» **Extracted entries**
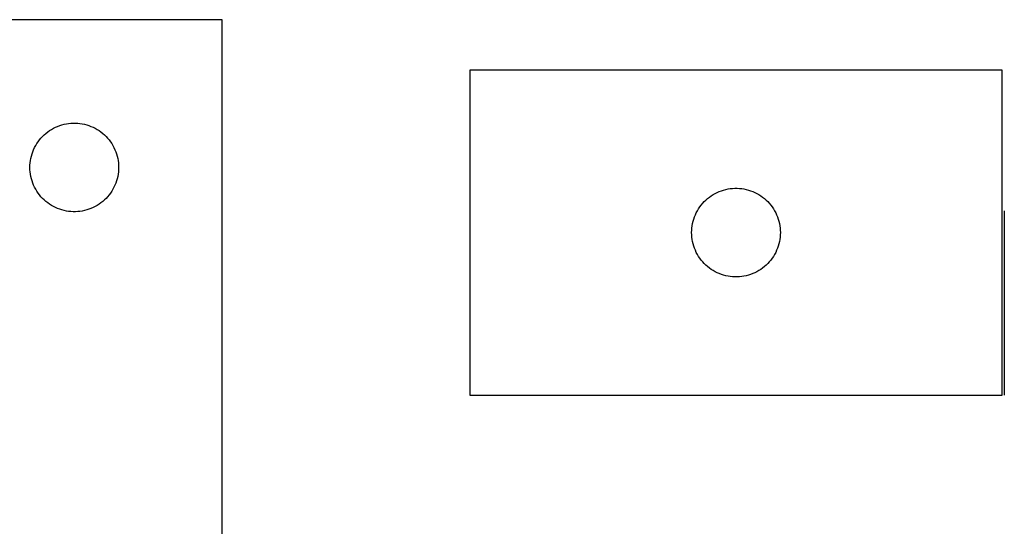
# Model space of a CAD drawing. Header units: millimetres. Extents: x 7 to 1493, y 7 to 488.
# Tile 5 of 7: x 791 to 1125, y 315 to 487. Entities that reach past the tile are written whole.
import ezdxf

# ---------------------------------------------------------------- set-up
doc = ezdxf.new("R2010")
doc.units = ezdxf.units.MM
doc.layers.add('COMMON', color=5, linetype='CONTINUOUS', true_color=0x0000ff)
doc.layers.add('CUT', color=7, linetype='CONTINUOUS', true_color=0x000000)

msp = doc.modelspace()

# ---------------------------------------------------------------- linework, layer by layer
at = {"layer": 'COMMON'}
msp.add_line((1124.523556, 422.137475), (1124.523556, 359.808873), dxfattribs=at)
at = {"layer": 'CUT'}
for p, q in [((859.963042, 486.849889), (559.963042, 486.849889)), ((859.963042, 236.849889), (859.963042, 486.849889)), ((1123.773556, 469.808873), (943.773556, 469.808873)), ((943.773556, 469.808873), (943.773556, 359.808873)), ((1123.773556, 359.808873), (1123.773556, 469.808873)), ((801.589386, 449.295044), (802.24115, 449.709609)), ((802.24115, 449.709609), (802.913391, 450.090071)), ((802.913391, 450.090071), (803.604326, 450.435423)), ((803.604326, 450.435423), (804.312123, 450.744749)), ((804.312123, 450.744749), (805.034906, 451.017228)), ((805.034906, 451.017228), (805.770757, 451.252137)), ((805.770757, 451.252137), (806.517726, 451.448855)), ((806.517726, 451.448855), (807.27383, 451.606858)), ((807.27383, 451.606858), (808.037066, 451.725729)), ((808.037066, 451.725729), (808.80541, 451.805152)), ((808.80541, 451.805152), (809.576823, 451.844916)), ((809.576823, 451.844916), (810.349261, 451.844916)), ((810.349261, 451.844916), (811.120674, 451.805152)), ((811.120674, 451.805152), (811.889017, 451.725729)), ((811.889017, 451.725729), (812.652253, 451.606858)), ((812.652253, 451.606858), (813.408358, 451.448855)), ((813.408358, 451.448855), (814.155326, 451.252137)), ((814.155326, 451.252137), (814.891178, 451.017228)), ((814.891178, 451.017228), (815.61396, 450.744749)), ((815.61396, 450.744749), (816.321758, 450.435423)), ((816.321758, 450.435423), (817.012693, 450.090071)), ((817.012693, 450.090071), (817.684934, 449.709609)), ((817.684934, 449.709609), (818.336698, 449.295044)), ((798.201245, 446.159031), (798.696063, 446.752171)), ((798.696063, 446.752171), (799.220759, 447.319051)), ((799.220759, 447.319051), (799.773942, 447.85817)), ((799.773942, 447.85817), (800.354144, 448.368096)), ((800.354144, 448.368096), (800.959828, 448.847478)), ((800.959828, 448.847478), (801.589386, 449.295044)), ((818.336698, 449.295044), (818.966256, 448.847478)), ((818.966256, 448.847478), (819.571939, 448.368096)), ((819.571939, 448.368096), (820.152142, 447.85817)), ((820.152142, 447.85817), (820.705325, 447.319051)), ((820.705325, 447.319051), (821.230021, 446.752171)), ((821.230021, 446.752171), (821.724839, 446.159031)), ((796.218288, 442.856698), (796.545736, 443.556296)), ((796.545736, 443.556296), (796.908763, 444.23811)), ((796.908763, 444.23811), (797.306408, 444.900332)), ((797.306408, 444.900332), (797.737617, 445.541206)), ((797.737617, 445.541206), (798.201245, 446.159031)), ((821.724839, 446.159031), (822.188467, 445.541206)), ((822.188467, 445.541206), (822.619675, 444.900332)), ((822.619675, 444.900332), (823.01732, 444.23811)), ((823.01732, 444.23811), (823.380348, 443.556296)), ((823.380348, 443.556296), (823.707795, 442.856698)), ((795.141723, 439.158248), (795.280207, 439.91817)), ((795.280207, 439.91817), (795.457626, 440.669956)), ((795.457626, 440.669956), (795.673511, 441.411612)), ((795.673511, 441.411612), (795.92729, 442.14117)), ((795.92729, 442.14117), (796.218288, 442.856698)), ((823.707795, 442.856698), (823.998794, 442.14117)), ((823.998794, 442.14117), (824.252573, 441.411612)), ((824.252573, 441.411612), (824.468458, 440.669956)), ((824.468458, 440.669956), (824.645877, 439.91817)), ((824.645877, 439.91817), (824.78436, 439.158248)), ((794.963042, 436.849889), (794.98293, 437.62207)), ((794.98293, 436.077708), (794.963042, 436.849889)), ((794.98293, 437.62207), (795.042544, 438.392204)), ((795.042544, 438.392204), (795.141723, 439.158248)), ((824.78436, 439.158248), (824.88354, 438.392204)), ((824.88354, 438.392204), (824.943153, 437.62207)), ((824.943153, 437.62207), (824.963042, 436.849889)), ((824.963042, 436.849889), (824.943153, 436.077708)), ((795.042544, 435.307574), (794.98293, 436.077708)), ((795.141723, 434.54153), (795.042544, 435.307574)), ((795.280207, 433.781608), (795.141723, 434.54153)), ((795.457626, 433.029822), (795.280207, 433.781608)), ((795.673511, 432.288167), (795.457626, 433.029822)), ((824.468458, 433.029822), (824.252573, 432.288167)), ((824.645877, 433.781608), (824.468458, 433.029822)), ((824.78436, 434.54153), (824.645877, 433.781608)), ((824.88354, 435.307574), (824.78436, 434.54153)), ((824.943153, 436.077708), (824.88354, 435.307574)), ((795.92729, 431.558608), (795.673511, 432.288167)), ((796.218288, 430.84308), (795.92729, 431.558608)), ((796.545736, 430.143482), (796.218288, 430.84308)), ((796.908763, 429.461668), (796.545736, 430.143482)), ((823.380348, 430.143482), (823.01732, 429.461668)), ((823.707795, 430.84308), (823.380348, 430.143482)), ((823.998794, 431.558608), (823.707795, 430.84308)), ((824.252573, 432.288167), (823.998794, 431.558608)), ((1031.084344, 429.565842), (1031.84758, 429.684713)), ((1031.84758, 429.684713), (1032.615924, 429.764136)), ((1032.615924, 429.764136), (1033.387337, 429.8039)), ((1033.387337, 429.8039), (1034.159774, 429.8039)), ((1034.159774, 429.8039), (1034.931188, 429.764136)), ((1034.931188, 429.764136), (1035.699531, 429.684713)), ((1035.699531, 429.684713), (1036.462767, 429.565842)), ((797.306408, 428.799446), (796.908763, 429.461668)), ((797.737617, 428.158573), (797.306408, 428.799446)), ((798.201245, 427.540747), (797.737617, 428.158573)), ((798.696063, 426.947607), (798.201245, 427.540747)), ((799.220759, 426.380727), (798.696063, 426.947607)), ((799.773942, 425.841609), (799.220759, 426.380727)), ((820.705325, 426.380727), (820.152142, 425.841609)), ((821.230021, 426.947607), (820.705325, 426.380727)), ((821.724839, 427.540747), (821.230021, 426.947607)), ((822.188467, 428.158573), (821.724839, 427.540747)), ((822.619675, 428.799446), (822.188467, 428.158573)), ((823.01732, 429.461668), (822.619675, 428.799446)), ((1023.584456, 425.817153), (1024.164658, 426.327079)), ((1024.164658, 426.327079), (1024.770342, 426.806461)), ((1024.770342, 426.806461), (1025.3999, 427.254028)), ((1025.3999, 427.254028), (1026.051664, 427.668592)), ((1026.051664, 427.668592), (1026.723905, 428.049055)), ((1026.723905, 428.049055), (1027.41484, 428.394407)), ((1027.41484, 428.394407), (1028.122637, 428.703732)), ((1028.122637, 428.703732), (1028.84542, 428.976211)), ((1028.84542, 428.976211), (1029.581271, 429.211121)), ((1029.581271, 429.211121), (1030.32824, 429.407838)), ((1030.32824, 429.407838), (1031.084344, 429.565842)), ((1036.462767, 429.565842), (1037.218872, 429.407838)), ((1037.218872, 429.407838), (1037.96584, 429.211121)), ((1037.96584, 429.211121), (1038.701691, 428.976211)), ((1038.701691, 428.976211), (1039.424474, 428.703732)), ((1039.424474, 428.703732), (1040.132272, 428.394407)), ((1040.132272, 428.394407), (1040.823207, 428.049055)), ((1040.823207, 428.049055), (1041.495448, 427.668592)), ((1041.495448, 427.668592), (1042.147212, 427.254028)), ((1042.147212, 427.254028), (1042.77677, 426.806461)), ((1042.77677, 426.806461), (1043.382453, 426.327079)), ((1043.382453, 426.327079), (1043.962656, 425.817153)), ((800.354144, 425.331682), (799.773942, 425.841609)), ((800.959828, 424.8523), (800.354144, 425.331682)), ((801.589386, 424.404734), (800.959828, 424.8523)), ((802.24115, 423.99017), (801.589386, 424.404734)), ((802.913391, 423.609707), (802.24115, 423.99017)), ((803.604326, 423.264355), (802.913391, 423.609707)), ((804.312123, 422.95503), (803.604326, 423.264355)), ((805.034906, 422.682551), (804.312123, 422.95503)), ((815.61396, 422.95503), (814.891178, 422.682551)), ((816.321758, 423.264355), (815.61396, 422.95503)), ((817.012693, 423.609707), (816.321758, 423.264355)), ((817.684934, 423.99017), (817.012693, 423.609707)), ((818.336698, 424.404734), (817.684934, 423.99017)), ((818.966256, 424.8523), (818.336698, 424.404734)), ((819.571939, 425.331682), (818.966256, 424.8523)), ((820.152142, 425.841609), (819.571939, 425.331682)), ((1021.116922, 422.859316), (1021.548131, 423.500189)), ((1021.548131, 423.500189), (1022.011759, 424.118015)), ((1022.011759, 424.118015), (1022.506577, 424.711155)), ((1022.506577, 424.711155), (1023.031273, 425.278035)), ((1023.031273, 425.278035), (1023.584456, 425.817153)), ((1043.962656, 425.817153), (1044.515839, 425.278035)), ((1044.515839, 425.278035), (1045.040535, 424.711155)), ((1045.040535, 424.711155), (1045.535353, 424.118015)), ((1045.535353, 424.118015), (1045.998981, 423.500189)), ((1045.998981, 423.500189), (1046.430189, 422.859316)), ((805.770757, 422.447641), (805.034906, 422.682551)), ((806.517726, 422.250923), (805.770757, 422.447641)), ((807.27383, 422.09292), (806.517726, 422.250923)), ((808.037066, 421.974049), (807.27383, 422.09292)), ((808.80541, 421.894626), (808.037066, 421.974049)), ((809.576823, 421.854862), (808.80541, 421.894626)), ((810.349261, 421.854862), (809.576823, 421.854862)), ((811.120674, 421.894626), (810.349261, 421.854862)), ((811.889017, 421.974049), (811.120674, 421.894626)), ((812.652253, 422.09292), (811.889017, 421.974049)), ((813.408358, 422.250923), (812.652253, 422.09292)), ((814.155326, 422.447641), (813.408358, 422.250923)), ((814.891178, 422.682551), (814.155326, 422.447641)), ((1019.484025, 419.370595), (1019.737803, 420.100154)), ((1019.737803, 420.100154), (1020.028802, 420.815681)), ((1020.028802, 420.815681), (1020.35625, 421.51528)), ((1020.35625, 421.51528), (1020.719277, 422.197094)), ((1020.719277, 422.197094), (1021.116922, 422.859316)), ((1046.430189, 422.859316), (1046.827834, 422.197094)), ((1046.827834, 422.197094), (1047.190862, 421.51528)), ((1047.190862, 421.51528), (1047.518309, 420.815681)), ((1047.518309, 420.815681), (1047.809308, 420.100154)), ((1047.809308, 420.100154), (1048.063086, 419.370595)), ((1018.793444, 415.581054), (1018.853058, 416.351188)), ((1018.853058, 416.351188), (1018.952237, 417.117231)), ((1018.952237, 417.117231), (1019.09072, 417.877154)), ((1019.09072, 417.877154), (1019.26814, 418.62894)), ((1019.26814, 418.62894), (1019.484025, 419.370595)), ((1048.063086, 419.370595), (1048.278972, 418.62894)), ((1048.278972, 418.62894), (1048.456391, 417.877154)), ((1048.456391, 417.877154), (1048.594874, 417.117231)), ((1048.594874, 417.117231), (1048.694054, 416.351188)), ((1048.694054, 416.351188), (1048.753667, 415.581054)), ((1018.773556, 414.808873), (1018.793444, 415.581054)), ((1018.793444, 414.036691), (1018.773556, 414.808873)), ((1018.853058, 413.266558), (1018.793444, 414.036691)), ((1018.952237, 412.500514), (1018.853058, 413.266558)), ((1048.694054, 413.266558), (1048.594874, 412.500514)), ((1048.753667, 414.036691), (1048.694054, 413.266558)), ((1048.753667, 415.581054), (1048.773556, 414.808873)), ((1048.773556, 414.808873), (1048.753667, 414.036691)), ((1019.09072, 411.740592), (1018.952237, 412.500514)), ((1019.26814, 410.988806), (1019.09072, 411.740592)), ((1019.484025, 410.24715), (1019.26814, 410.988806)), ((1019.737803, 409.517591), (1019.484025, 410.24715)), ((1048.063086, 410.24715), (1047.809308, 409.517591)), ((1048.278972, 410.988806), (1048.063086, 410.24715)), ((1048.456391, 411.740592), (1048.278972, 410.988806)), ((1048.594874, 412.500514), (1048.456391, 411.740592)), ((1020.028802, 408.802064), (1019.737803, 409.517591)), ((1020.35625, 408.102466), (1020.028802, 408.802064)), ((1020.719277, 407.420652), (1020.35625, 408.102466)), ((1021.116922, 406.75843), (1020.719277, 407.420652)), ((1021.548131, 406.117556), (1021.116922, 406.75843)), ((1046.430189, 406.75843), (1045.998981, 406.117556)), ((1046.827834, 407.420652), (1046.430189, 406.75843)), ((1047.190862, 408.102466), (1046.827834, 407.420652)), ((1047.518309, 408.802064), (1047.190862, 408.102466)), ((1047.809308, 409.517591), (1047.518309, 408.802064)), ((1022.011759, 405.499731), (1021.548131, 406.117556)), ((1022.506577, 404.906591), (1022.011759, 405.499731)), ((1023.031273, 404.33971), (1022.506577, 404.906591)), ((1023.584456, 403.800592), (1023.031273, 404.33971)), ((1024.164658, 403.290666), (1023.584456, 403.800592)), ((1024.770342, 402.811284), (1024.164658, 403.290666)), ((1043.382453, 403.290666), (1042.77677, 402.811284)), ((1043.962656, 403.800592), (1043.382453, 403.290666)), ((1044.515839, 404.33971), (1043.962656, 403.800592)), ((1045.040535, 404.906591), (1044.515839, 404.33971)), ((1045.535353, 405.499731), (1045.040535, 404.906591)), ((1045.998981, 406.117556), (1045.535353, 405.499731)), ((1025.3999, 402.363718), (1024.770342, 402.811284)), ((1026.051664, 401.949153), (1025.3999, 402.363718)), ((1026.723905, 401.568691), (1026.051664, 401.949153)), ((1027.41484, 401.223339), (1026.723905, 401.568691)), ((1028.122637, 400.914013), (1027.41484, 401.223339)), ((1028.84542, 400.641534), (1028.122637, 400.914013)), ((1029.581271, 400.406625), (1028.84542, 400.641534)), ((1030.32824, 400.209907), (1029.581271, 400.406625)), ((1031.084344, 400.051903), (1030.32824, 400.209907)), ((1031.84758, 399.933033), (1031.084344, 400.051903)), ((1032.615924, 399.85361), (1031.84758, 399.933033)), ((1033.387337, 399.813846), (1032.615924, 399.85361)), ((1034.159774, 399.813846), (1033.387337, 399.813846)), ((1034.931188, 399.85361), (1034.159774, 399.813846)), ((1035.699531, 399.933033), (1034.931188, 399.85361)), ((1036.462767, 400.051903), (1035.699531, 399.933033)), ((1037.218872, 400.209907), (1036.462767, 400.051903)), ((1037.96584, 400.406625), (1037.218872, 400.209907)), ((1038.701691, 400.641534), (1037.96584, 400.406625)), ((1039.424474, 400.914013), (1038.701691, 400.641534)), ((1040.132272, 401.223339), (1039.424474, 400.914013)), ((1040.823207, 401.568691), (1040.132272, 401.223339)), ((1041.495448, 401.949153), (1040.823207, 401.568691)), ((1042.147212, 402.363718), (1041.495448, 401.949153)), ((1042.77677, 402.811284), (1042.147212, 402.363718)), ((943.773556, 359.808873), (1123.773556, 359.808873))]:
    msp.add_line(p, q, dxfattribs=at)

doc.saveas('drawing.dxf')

» **To do**
Find the word "dxfattribs" in the listing above, then copy each line where it turns up.

» **Output for this exercise**
msp.add_line((1124.523556, 422.137475), (1124.523556, 359.808873), dxfattribs=at)
    msp.add_line(p, q, dxfattribs=at)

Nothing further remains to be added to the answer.